Officiële publicaties van de overheid.
Adressen en contactpersonen van overheidsorganisaties.
U bent hier:
[Regeling vervallen per 01-01-2010.]Geraadpleegd op 11-12-2024. Gebruikte datum 'geldig op' 01-12-2005 en zichtdatum 03-12-2024. Geldend van 01-12-2005 t/m 31-12-2005
Besluit van de Minister van Economische Zaken van 23 augustus 2004, nr. WJZ 4053550, houdende regels inzake mandaat, volmacht en machtiging voor het Ministerie van Economische Zaken 2004 (Besluit mandaat, volmacht en machtiging EZ 2004)
De Minister van Economische Zaken,
Gelet op artikel 10:3 van de Algemene wet bestuursrecht;
Besluit:
[Regeling vervallen per 01-01-2010]
In dit besluit wordt verstaan onder:
a. de minister: de Minister van Economische Zaken;
b. de hoofden van dienst:
1°. de directeur-generaal van de Buitenlandse Economische Betrekkingen,
2°. de directeur-generaal van Economische Politiek,
3°. de directeur-generaal van Energie,
4°. de directeur-generaal van Ondernemen en Innovatie,
5°. de directeur-generaal van Telecommunicatie en Post,
6°. de directeur van de Auditdienst,
7°. de directeur Communicatie,
8°. de directeur Financieel-Economische Zaken,
9°. de directeur Informatiemanagement & Automatisering,
10°. de directeur Interne Zaken,
11°. de directeur Personeel en Organisatie,
12°. de directeur Wetgeving en Juridische Zaken,
13°. de directeur van het Bureau voor de Industriële Eigendom,
14°. de directeur van het Centraal Planbureau,
15°. de algemeen directeur van de EVD,
16°. de inspecteur-generaal der mijnen,
17°. de algemeen directeur van SenterNovem en
18°. de directeur-hoofdinspecteur van het Agentschap Telecom;
19°. de directeur van PIANOo,
20°. de directeur van de ConsumentenAutoriteit;
c. P&O-aangelegenheden: aangelegenheden op het gebied van personeel, organisatie en formatie en het daarmee samenhangende budget;
d. BBRA: Bezoldigingsbesluit Burgerlijke Rijksambtenaren 1984;
e. ARAR: Algemeen Rijksambtenarenreglement.
Het in dit besluit ten aanzien van de minister bepaalde is van overeenkomstige toepassing voor de Staatssecretaris van Economische Zaken.

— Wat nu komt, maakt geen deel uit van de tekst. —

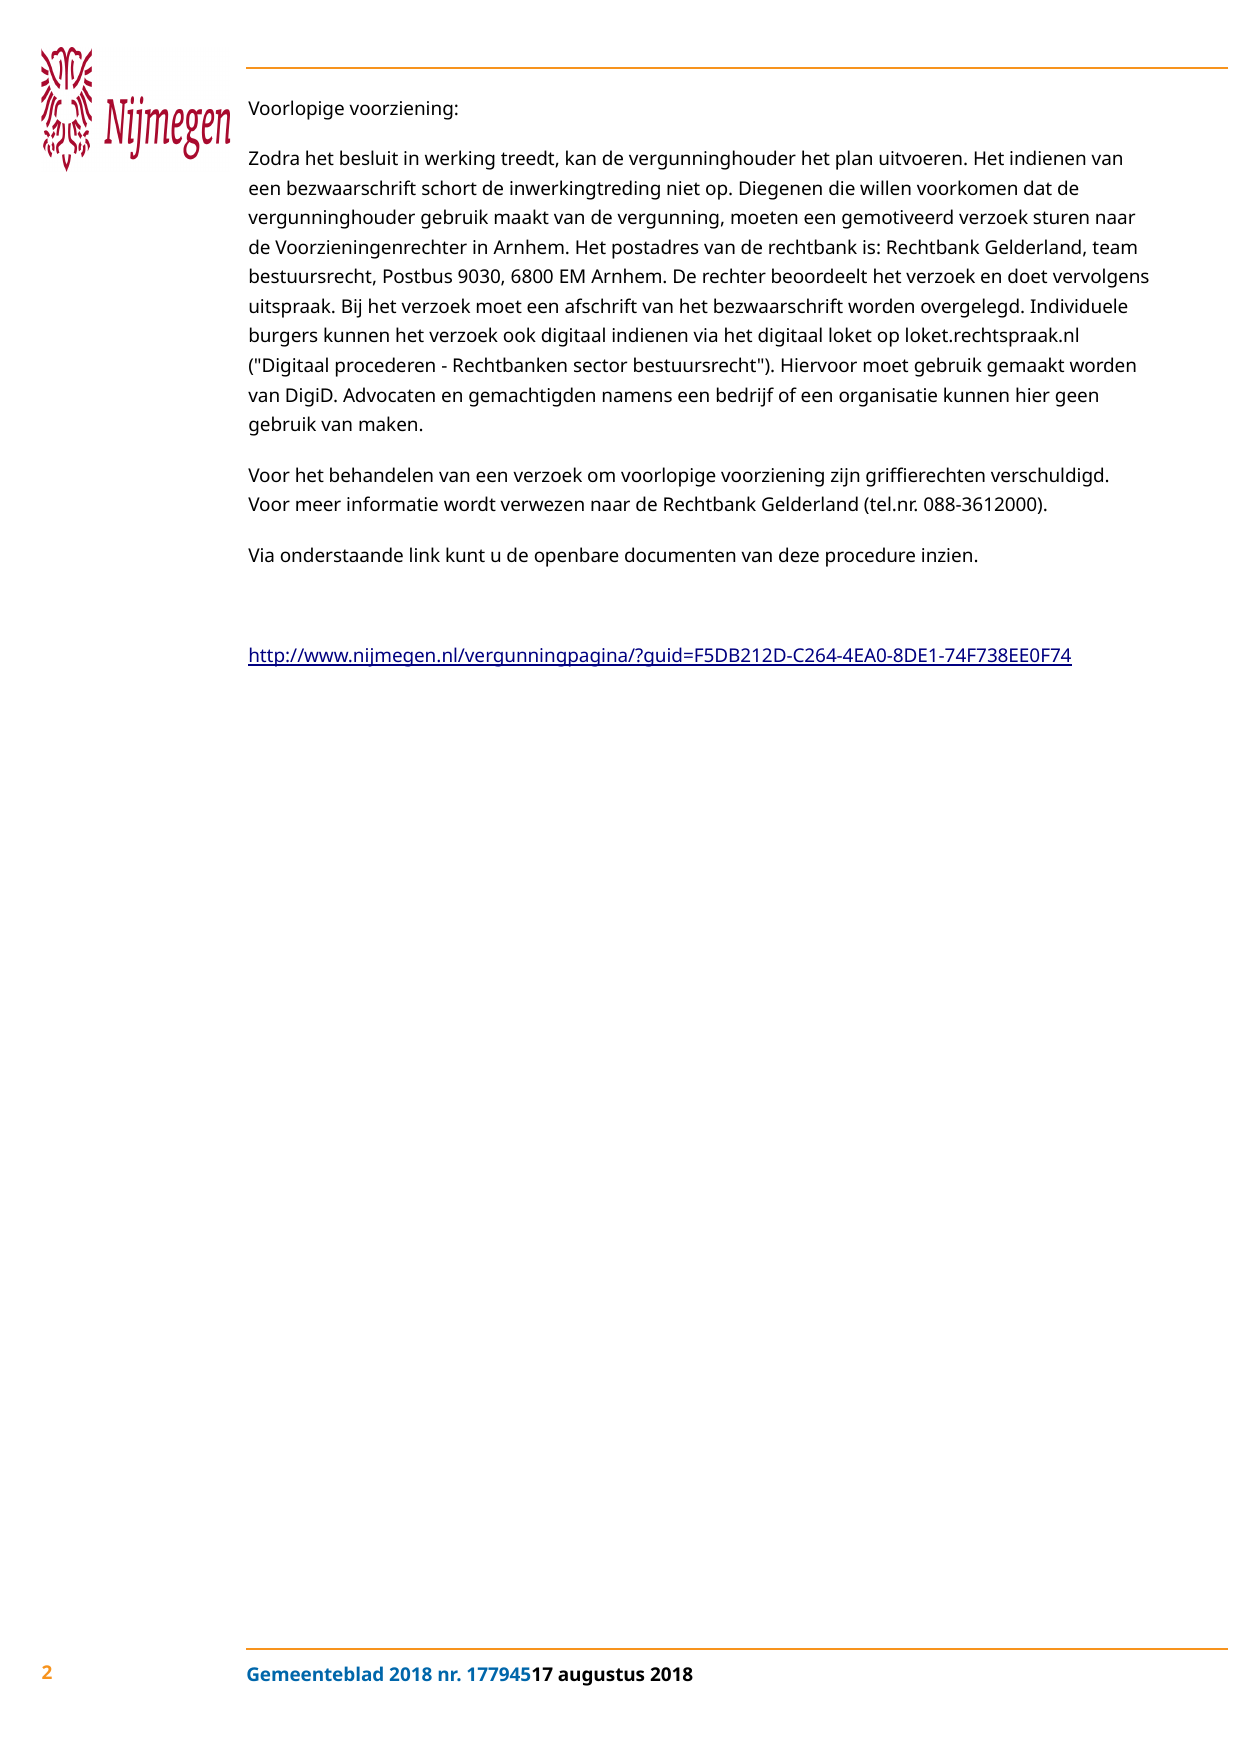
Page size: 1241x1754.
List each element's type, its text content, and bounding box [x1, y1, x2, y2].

text Zodra het besluit in werking treedt, kan de vergunninghouder het plan uitvoeren. Het indienen van een bezwaarschrift schort de inwerkingtreding niet op. Diegenen die willen voorkomen dat de vergunninghouder gebruik maakt van de vergunning, moeten een gemotiveerd verzoek sturen naar de Voorzieningenrechter in Arnhem. Het postadres van de rechtbank is: Rechtbank Gelderland, team bestuursrecht, Postbus 9030, 6800 EM Arnhem. De rechter beoordeelt het verzoek en doet vervolgens uitspraak. Bij het verzoek moet een afschrift van het bezwaarschrift worden overgelegd. Individuele burgers kunnen het verzoek ook digitaal indienen via het digitaal loket op loket.rechtspraak.nl ("Digitaal procederen - Rechtbanken sector bestuursrecht"). Hiervoor moet gebruik gemaakt worden van DigiD. Advocaten en gemachtigden namens een bedrijf of een organisatie kunnen hier geen gebruik van maken. [248, 145, 1152, 437]
text http://www.nijmegen.nl/vergunningpagina/?guid=F5DB212D-C264-4EA0-8DE1-74F738EE0F74 [248, 643, 1152, 668]
picture [41, 47, 231, 172]
text Via onderstaande link kunt u de openbare documenten van deze procedure inzien. [248, 542, 1152, 568]
text Voor het behandelen van een verzoek om voorlopige voorziening zijn griffierechten verschuldigd. Voor meer informatie wordt verwezen naar de Rechtbank Gelderland (tel.nr. 088-3612000). [248, 462, 1152, 517]
text Voorlopige voorziening: [248, 95, 1152, 121]

1 Mandaat, volmacht en machtiging in de zin van dit besluit heeft geen betrekking op:
a. bevoegdheden, privaatrechtelijke rechtshandelingen en andere handelingen dan een besluit of een privaatrechtelijke rechtshandeling met betrekking waartoe een wettelijk voorschrift zich tegen verlening van mandaat, volmacht of machtiging verzet;
b. bevoegdheden, privaatrechtelijke rechtshandelingen en andere handelingen dan een besluit of een privaatrechtelijke rechtshandeling waarvan de aard zich tegen verlening van mandaat, volmacht of machtiging verzet.

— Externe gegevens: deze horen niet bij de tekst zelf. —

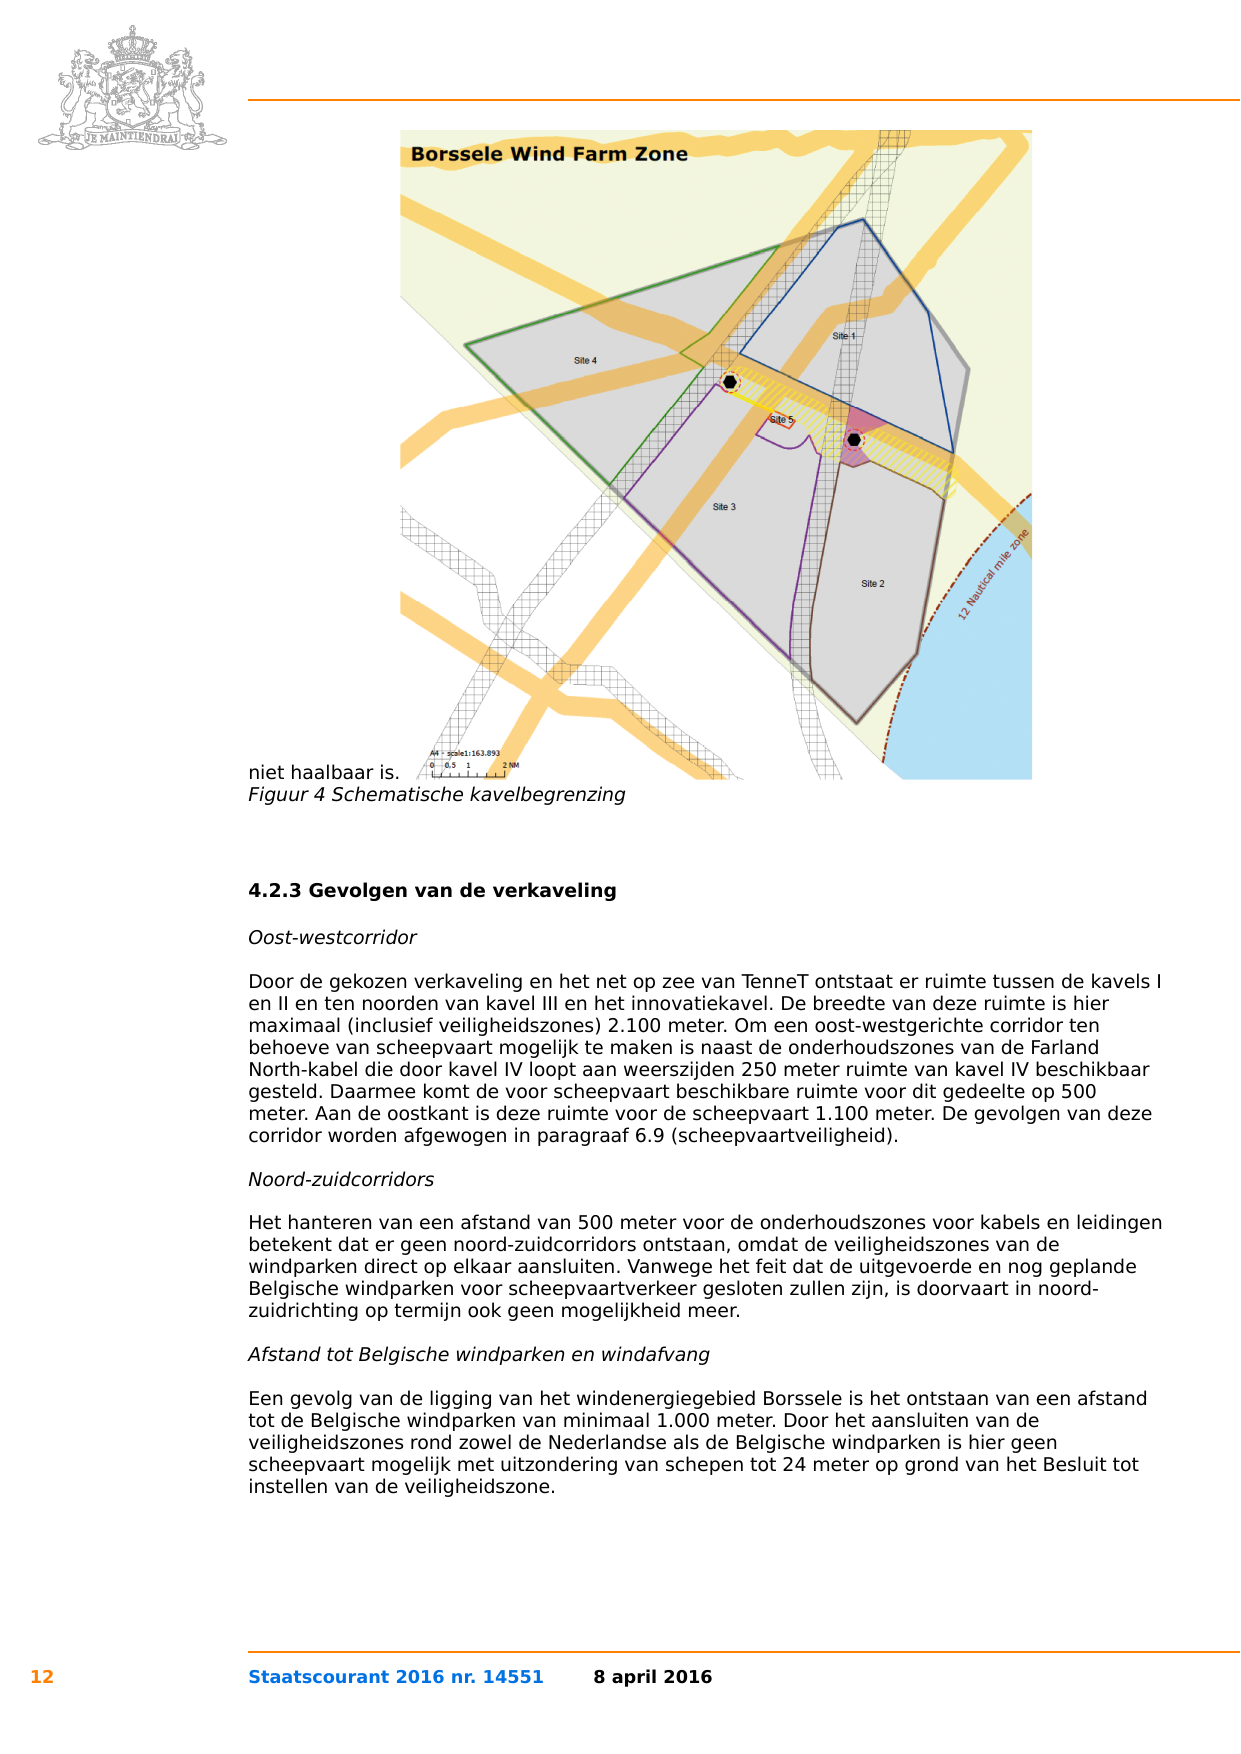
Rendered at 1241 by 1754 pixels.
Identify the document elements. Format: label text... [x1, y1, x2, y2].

subtitle 4.2.3 Gevolgen van de verkaveling [248, 880, 1163, 902]
text Het hanteren van een afstand van 500 meter voor de onderhoudszones voor kabels en leidingen betekent dat er geen noord-zuidcorridors ontstaan, omdat de veiligheidszones van de windparken direct op elkaar aansluiten. Vanwege het feit dat de uitgevoerde en nog geplande Belgische windparken voor scheepvaartverkeer gesloten zullen zijn, is doorvaart in noord-zuidrichting op termijn ook geen mogelijkheid meer. [248, 1212, 1163, 1322]
subtitle Oost-westcorridor [248, 927, 1163, 949]
subtitle Noord-zuidcorridors [248, 1168, 1163, 1190]
picture [38, 25, 227, 150]
picture [400, 130, 1033, 780]
text Een gevolg van de ligging van het windenergiegebied Borssele is het ontstaan van een afstand tot de Belgische windparken van minimaal 1.000 meter. Door het aansluiten van de veiligheidszones rond zowel de Nederlandse als de Belgische windparken is hier geen scheepvaart mogelijk met uitzondering van schepen tot 24 meter op grond van het Besluit tot instellen van de veiligheidszone. [248, 1388, 1163, 1498]
subtitle Afstand tot Belgische windparken en windafvang [248, 1344, 1163, 1366]
text Door de gekozen verkaveling en het net op zee van TenneT ontstaat er ruimte tussen de kavels I en II en ten noorden van kavel III en het innovatiekavel. De breedte van deze ruimte is hier maximaal (inclusief veiligheidszones) 2.100 meter. Om een oost-westgerichte corridor ten behoeve van scheepvaart mogelijk te maken is naast de onderhoudszones van de Farland North-kabel die door kavel IV loopt aan weerszijden 250 meter ruimte van kavel IV beschikbaar gesteld. Daarmee komt de voor scheepvaart beschikbare ruimte voor dit gedeelte op 500 meter. Aan de oostkant is deze ruimte voor de scheepvaart 1.100 meter. De gevolgen van deze corridor worden afgewogen in paragraaf 6.9 (scheepvaartveiligheid). [248, 971, 1163, 1147]
text niet haalbaar is. Figuur 4 Schematische kavelbegrenzing [248, 130, 1163, 850]

2 Aangelegenheden waarvan de aard zich tegen verlening van mandaat, volmacht of machtiging verzet zijn in ieder geval:
a. beslissingen die belangrijke politieke, bestuurlijke of maatschappelijke gevolgen kunnen hebben;
b. beslissingen omtrent politieke beleidswijzigingen en omtrent de uitbreiding of beperking van de bemoeienissen van de minister;
c. beslissingen waaruit belangrijke financiële consequenties voor het rijk voortvloeien, behoudens voor zover een beslissing een rechtstreeks gevolg is van de bestaande aard en omvang van de regeringsbemoeienis op economisch gebied;
d. het vaststellen van ministeriële regelingen en beleidsregels;
e. delegatie van bevoegdheden;
f. het beslissen op een bezwaarschrift tegen een besluit dat door de minister of namens de minister door de secretaris-generaal of de plaatsvervangend secretaris-generaal is genomen;
g. aangelegenheden met betrekking tot de secretaris-generaal.

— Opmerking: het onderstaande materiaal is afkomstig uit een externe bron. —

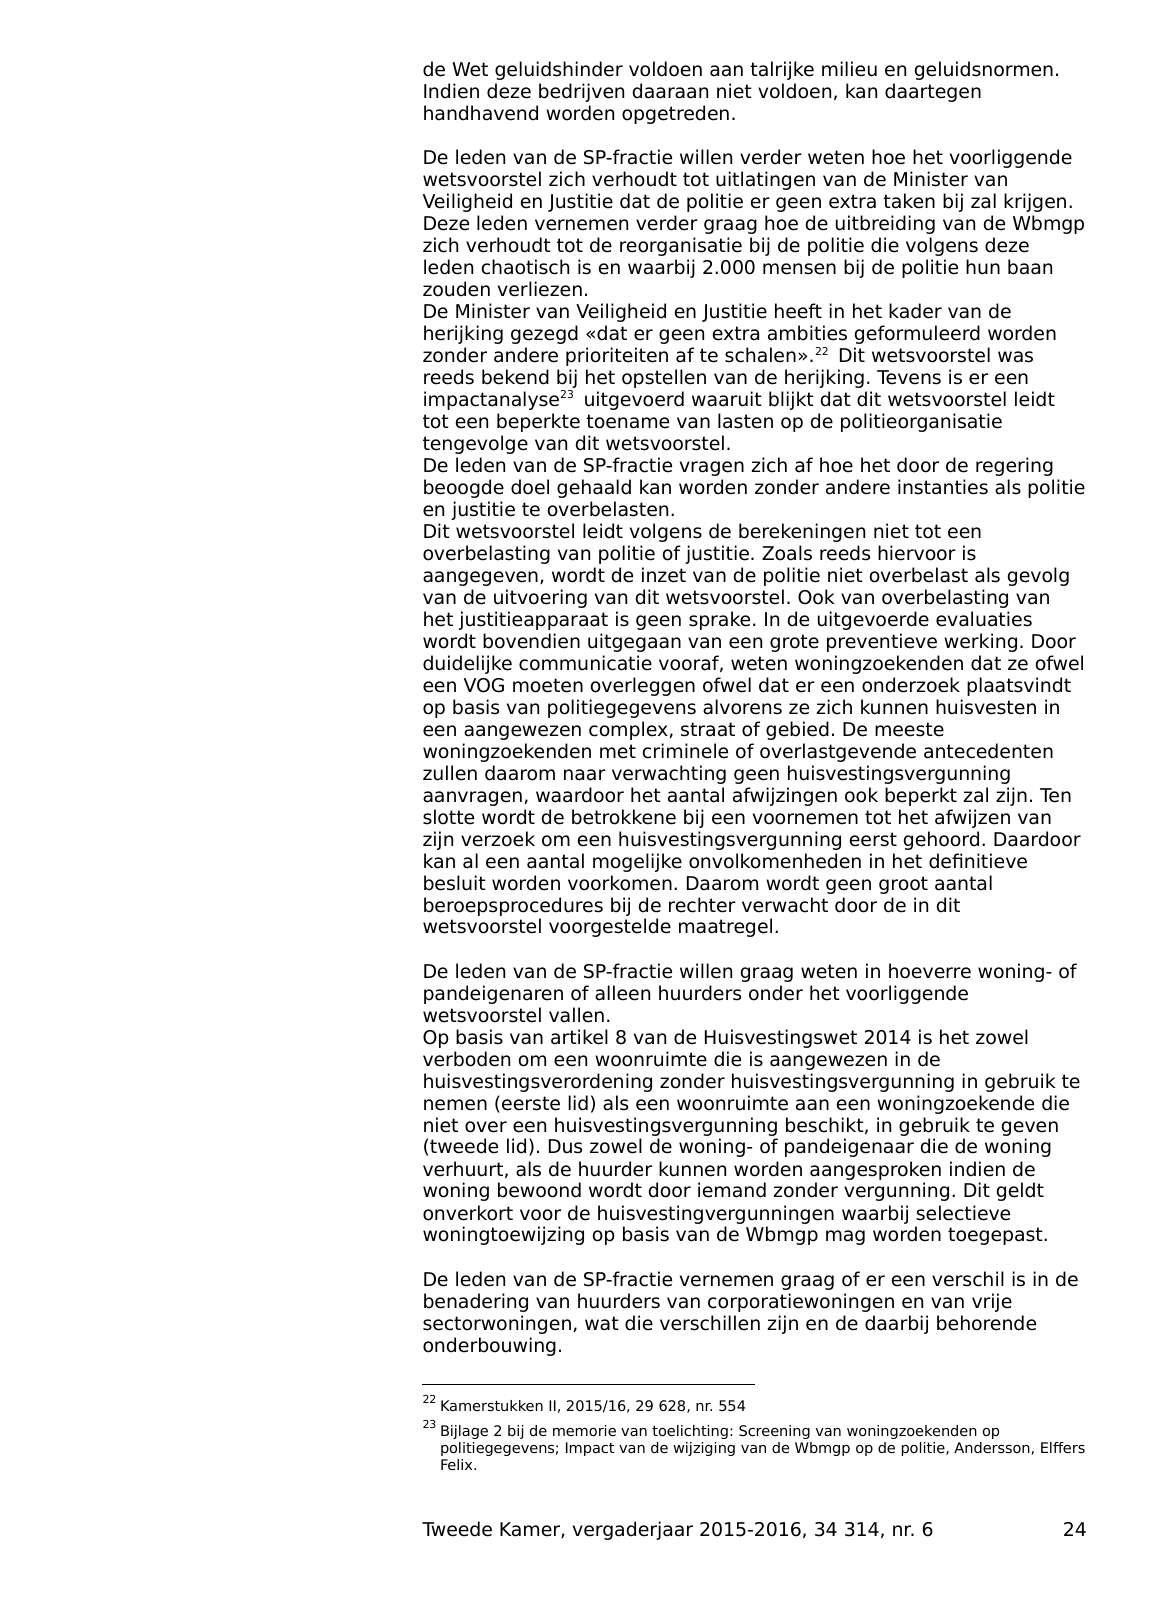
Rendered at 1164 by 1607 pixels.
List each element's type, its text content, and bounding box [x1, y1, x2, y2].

3 Voorts heeft mandaat, volmacht en machtiging in de zin van dit besluit geen betrekking op het afdoen van stukken bestemd voor:
a. de Koningin en het Kabinet der Koningin;
b. de raad van ministers of de daaruit gevormde vaste colleges;
c. een minister of een staatssecretaris;
d. de voorzitter van de Eerste of de Tweede Kamer der Staten-Generaal of de voorzitter van een uit een van die kamers gevormde commissie;
e. de Raad van State, behoudens voor zover het betreft bestuursrechtelijke procedures of het aanbieden van documenten van louter informatieve aard;
f. de Algemene Rekenkamer behoudens voor zover het betreft door het Bureau Economische Zaken gevraagde inlichtingen of gedane verzoeken of het aanbieden van documenten van louter informatieve aard;
g. een adviescollege in de zin van de Kaderwet adviescolleges, met uitzondering van het Adviescollege toetsing administratieve lasten;
h. autoriteiten in binnen- of buitenland, in rang gelijk aan of hoger dan een minister of staatssecretaris.
Bij of krachtens dit besluit verleend mandaat, volmacht en machtiging heeft geen betrekking op:
a. het beslissen op een bezwaarschrift door degene die het besluit waartegen het bezwaar zich richt, krachtens mandaat heeft genomen en
b. aangelegenheden waarbij de gemandateerde belanghebbende is.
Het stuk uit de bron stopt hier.